Conclusion and prospects

The exacerbating global crisis of the emergence and spread of pathogens, antimicrobial resistance, dearth of novel antimicrobials, and the implementation of strict antibiotic-limiting policies in many countries necessitate a comprehensive approach to identify and apply widely accepted, potent, and safe alternative antimicrobials. Bacteriocins have invaluable and heterogeneous properties that make them suitable for use in human, animal, and food systems for disease prevention and treatment, microbiome modulation, growth promotion, and enhancing food quality, safety, and organoleptic properties, among other benefits.
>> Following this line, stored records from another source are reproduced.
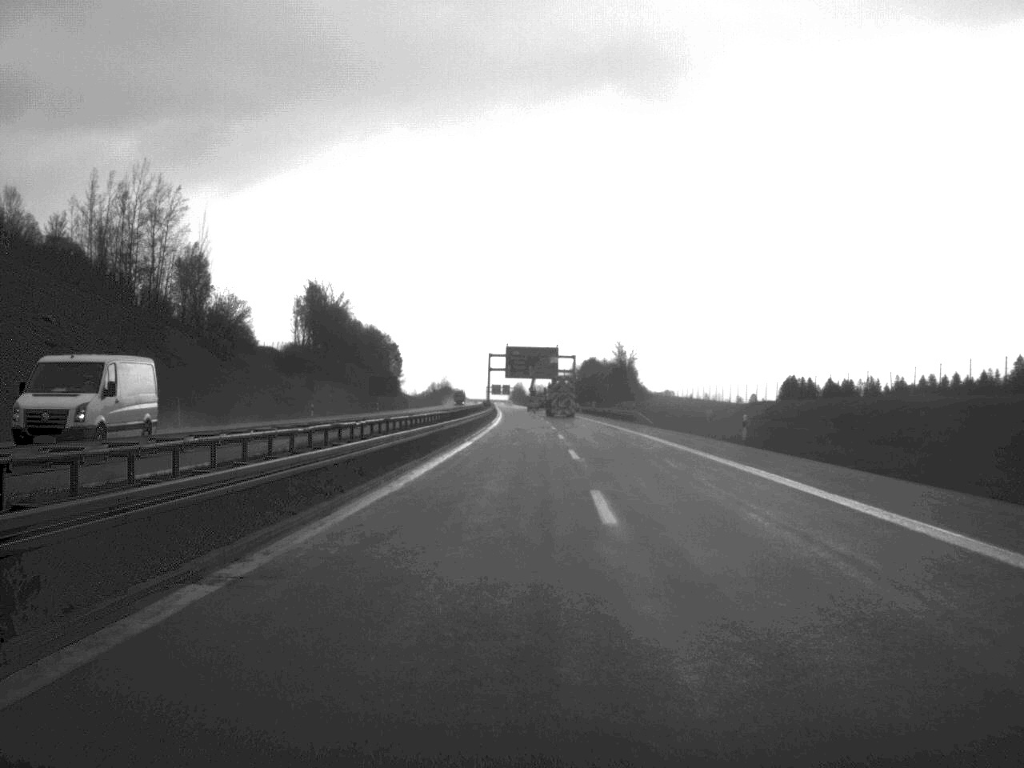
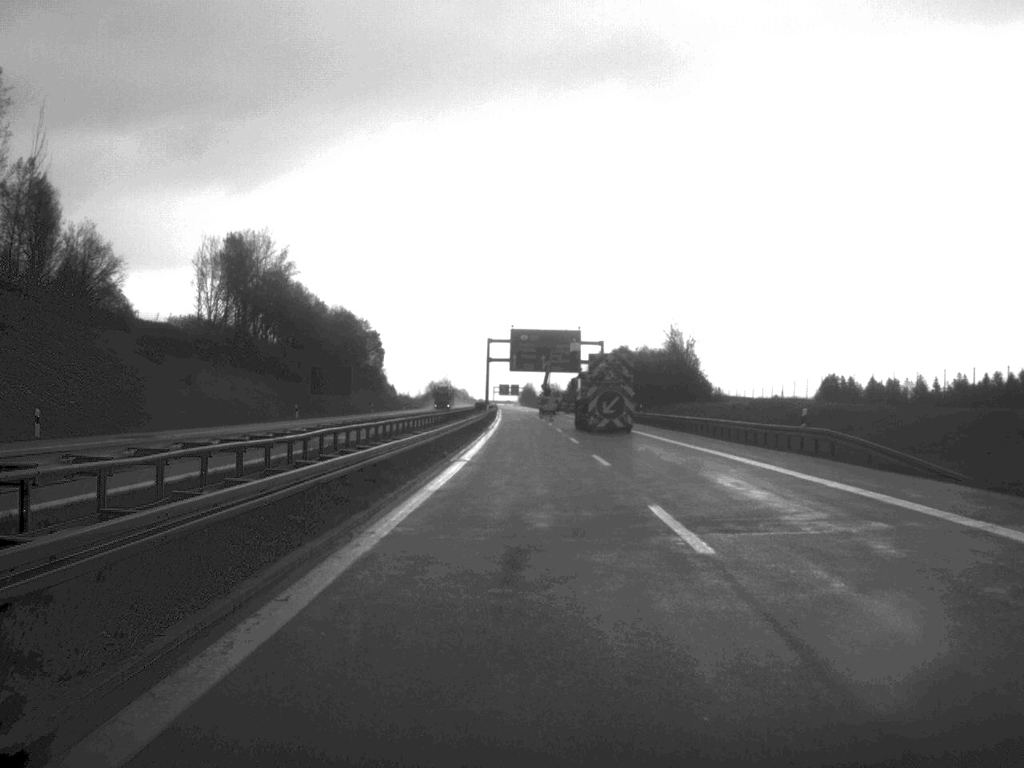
(-0.2, +56.8) m; -1°
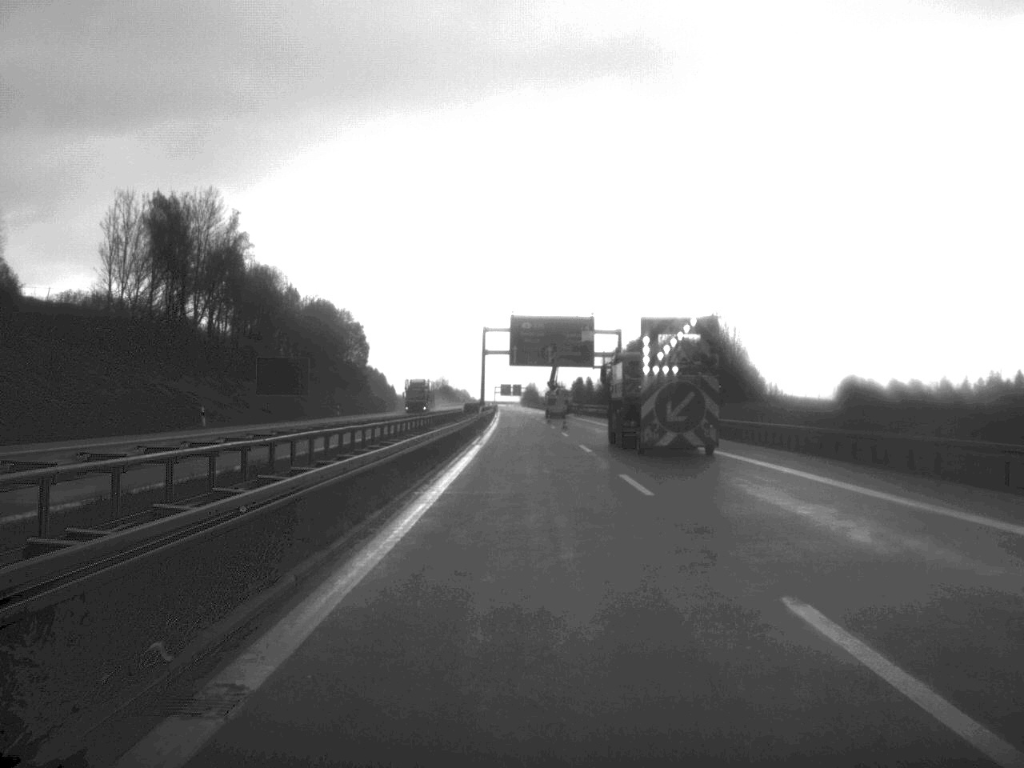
(0.0, +27.0) m; 0°
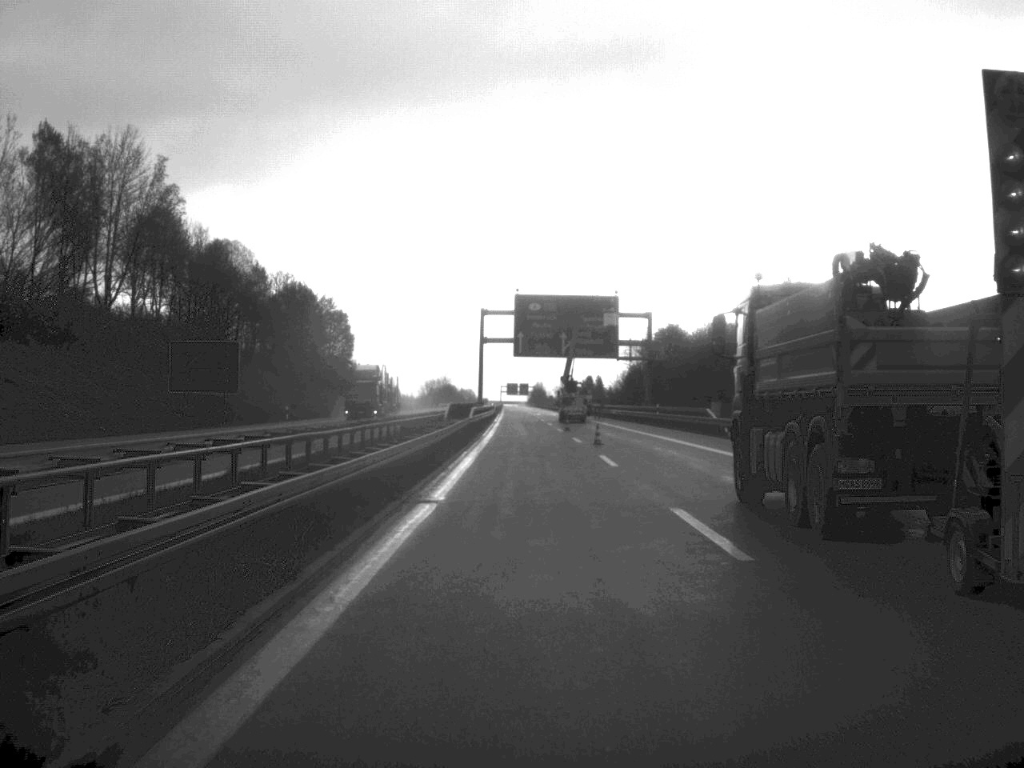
(-0.1, +26.9) m; 0°
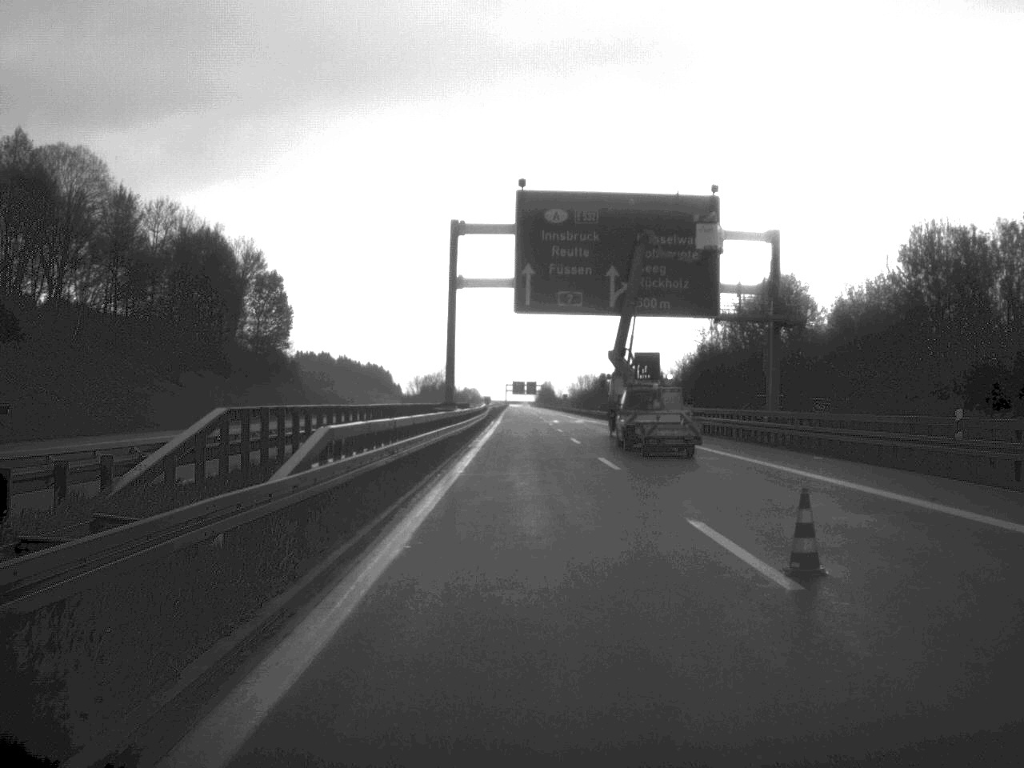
(-0.2, +55.0) m; 0°
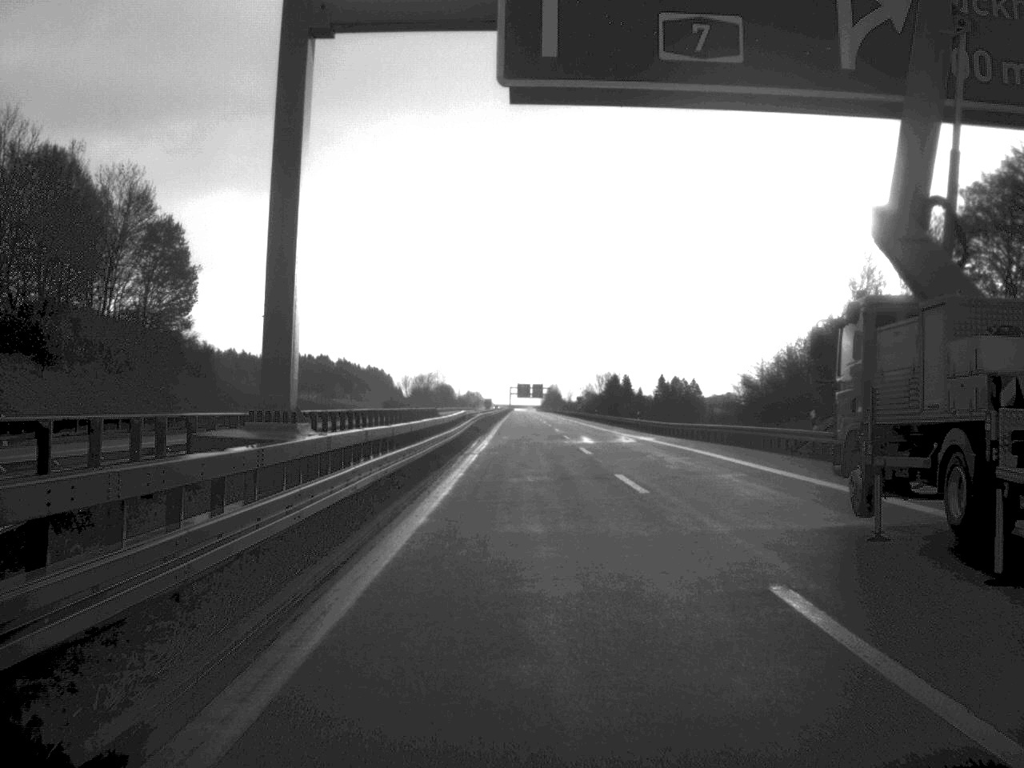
(-0.2, +41.5) m; 0°
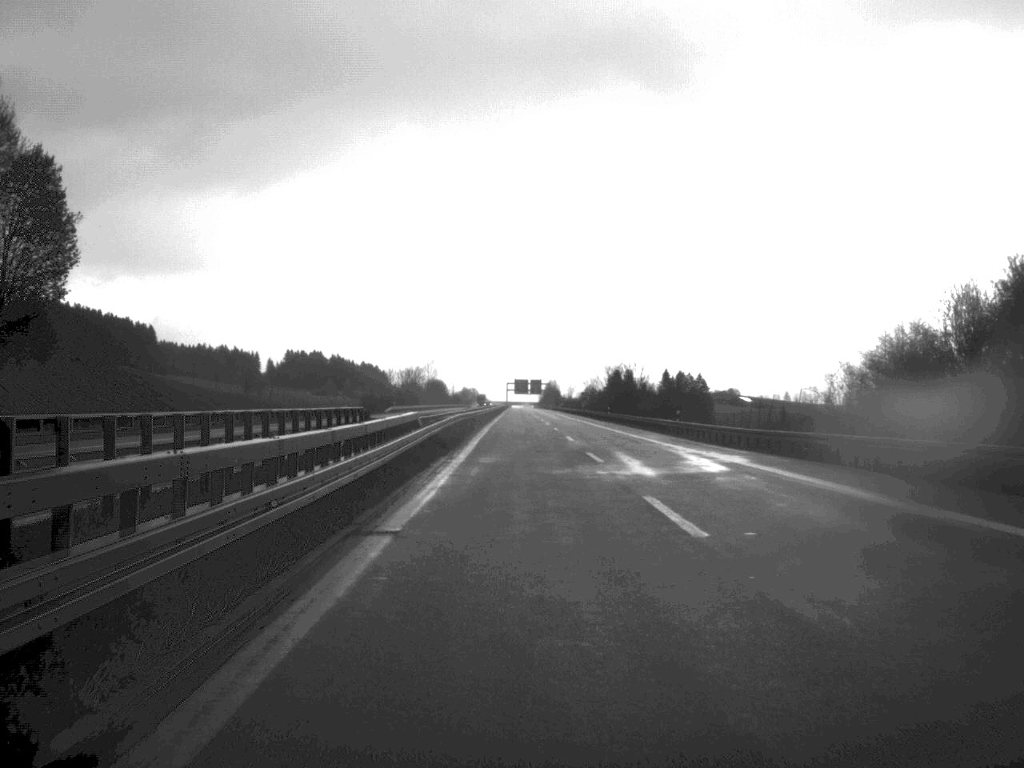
(0.0, +25.5) m; 0°

Through bibliometric analyses, we have identified several prevailing trends in bacteriocin research. Firstly, there has been a significant increase in annual research outputs, which we believe reflects the growing global interest in bacteriocins. Secondly, we have observed a multidisciplinary participation in bacteriocin research, with contributions from various fields. Additionally, we have found that funding for bacteriocin research is relatively evenly distributed worldwide. The countries leading in bacteriocin-related research outputs are spread across the Northern and Southern Hemispheres. The majority of these research outputs are published by reputable publishes such as Elsevier, Springer Nature, Wiley, and the American Society of Microbiology. Interestingly, while bacteriocins research is primarily focused on microbiology, biotechnology, and food science, we have also discovered a significant number of outputs in emerging areas such as plant science, virology, polymer science, and biophysics. This suggests that bacteriocins may have applications in previously unknown fields, and we anticipate further research and applications in these areas in the coming years.

Harnessing the ubiquitous nature of bacteriocins could help in their exploitation for broad applications in innovative areas of the human, animal, and food systems. The food system is benefiting immensely from commercially available bacteriocins. However, the scope of bacteriocin applications in the food system could be expanded in areas such as [fermented] food microbiota modulation, antimicrobial packaging/coating, biosanitizers, antibiofilm, pre/post-harvest biocontrol, and functional food.

Furthermore, the use of bacteriocins in the modulation of human and animal microbiota can beneficially improve the composition, diversity, and richness of the microbiota, fostering health and well-being. Bacteriocin modulatory activity can provide a viable microbiome-based solution for the treatment and management of microbiome-associated diseases. Bacteriocins also have the potential for non-invasive bio-diagnosis and could be used for diagnosing both infectious and non-infectious diseases, thus complementing conventional diagnostic tools. In terms of agriculture, the growth-promoting effect of bacteriocins in both plants and animals would undoubtedly improve food security, safety, and quality, as well as promote sustainable agriculture and mitigate concerns associated with antibiotic use.

Through vigorous research, it is necessary to increase the potency and applications of bacteriocins in humans, using innovative approaches such as bioengineering, computational methods, artificial intelligence, nanotechnology, machine learning, microscopy techniques, chemistry, metabolic activity-based assays, and pharmacodynamics. These approaches will facilitate optimal and industrial-scale production of safe bacteriocins for general use.